Barry Rothwell

Personal information
- Full name: Barry Alan Rothwell
- Born: 18 August 1939 (age 87) Sydney, Australia
- Batting: Right-handed
- Role: Batsman

Domestic team information
- 1963–64 to 1968–69: New South Wales

Career statistics
| Competition | First-class |
| Matches | 36 |
| Runs scored | 1685 |
| Batting average | 31.20 |
| 100s/50s | 1/10 |
| Top score | 125 |
| Balls bowled | 34 |
| Wickets | 2 |
| Bowling average | 19.50 |
| 5 wickets in innings | 0 |
| 10 wickets in match | 0 |
| Best bowling | 1/2 |
| Catches/stumpings | 10/– |
- Source: Cricinfo, 30 June 2023

= Barry Rothwell =

Australian cricketer (born 1939)

Barry Alan Rothwell (born 18 August 1939) is a former Australian cricketer. He played 36 first-class matches for New South Wales between 1963/64 and 1968/69.

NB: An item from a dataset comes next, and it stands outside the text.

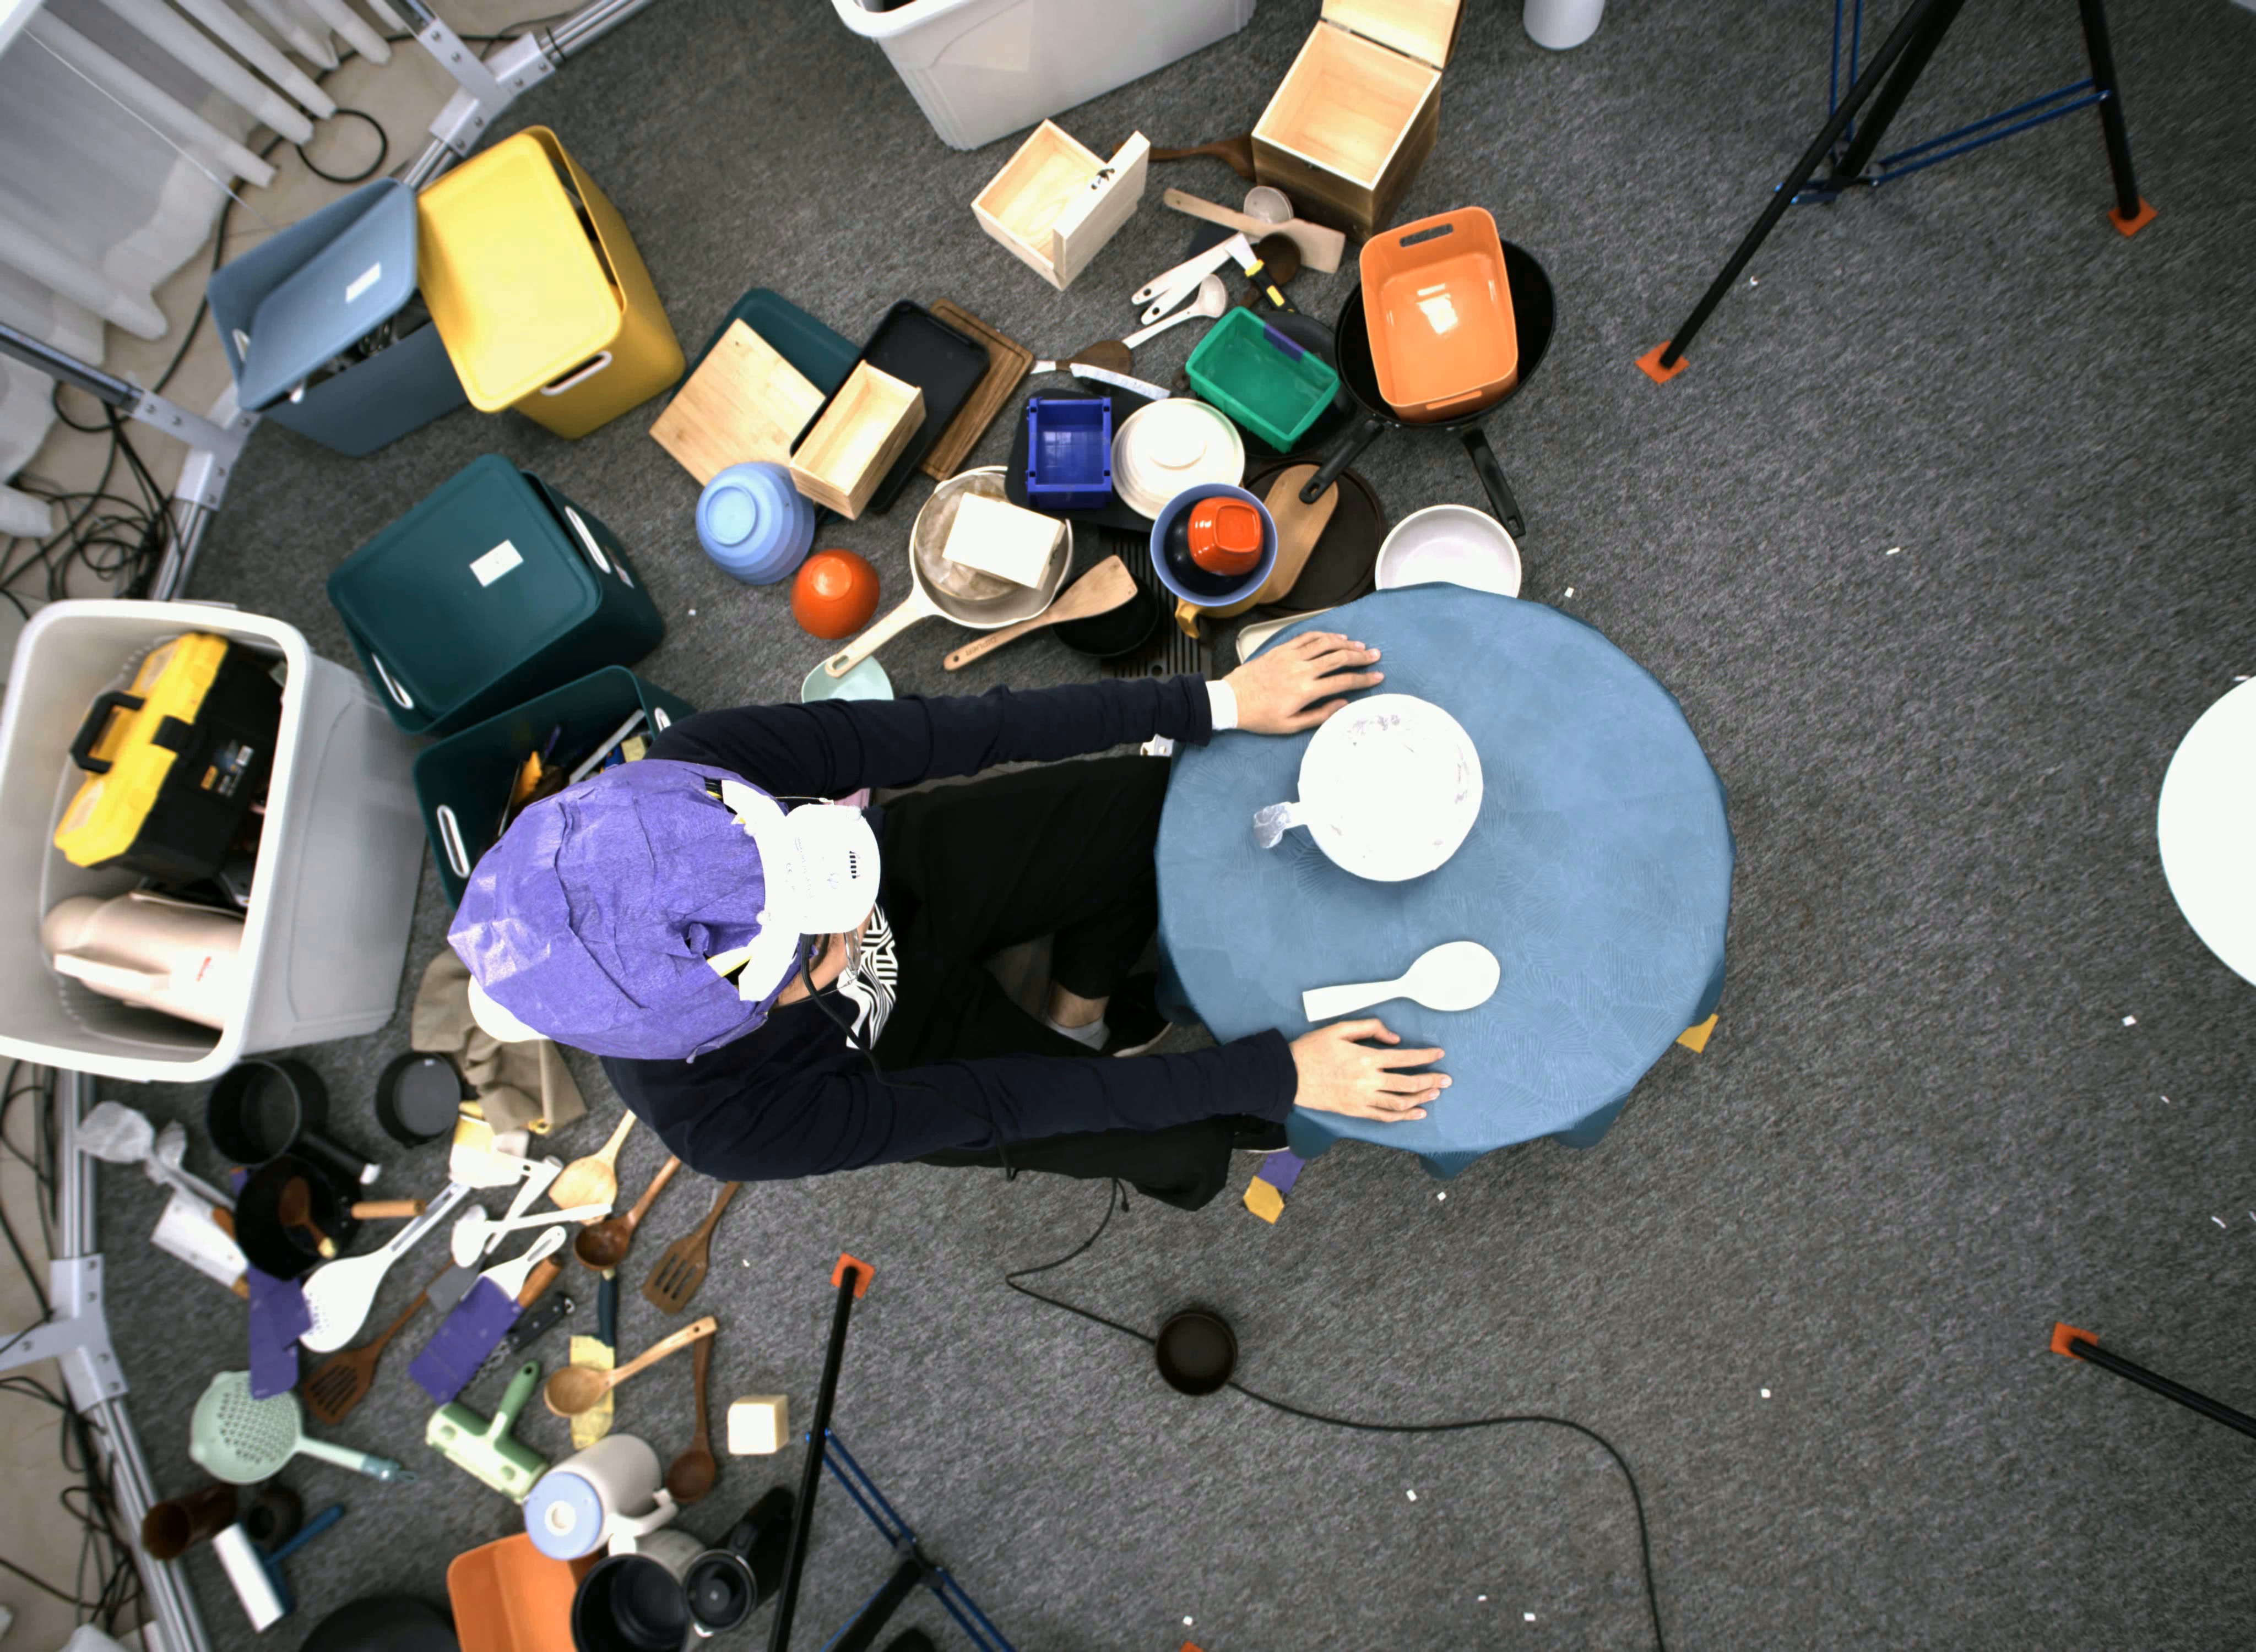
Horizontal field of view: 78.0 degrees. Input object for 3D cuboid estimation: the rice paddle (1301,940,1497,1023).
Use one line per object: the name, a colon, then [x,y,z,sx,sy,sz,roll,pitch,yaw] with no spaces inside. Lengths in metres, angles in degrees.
rice paddle: [0.282,0.165,1.438,0.206,0.029,0.068,-14,86,11]

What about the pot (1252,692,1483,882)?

Rothwell was a middle-order batsman. When New South Wales' Test players were absent for the final matches of the 1964–65 Sheffield Shield season, Rothwell captained New South Wales and led them to the title, in which he contributed 438 runs at an average of 54.75. In 1965–66 he again took over the captaincy when Test players were absent, and scored 125 and 30 in the victory over Queensland. An occasional bowler, he dismissed the England opening batsman Bob Barber with his first delivery in first-class cricket.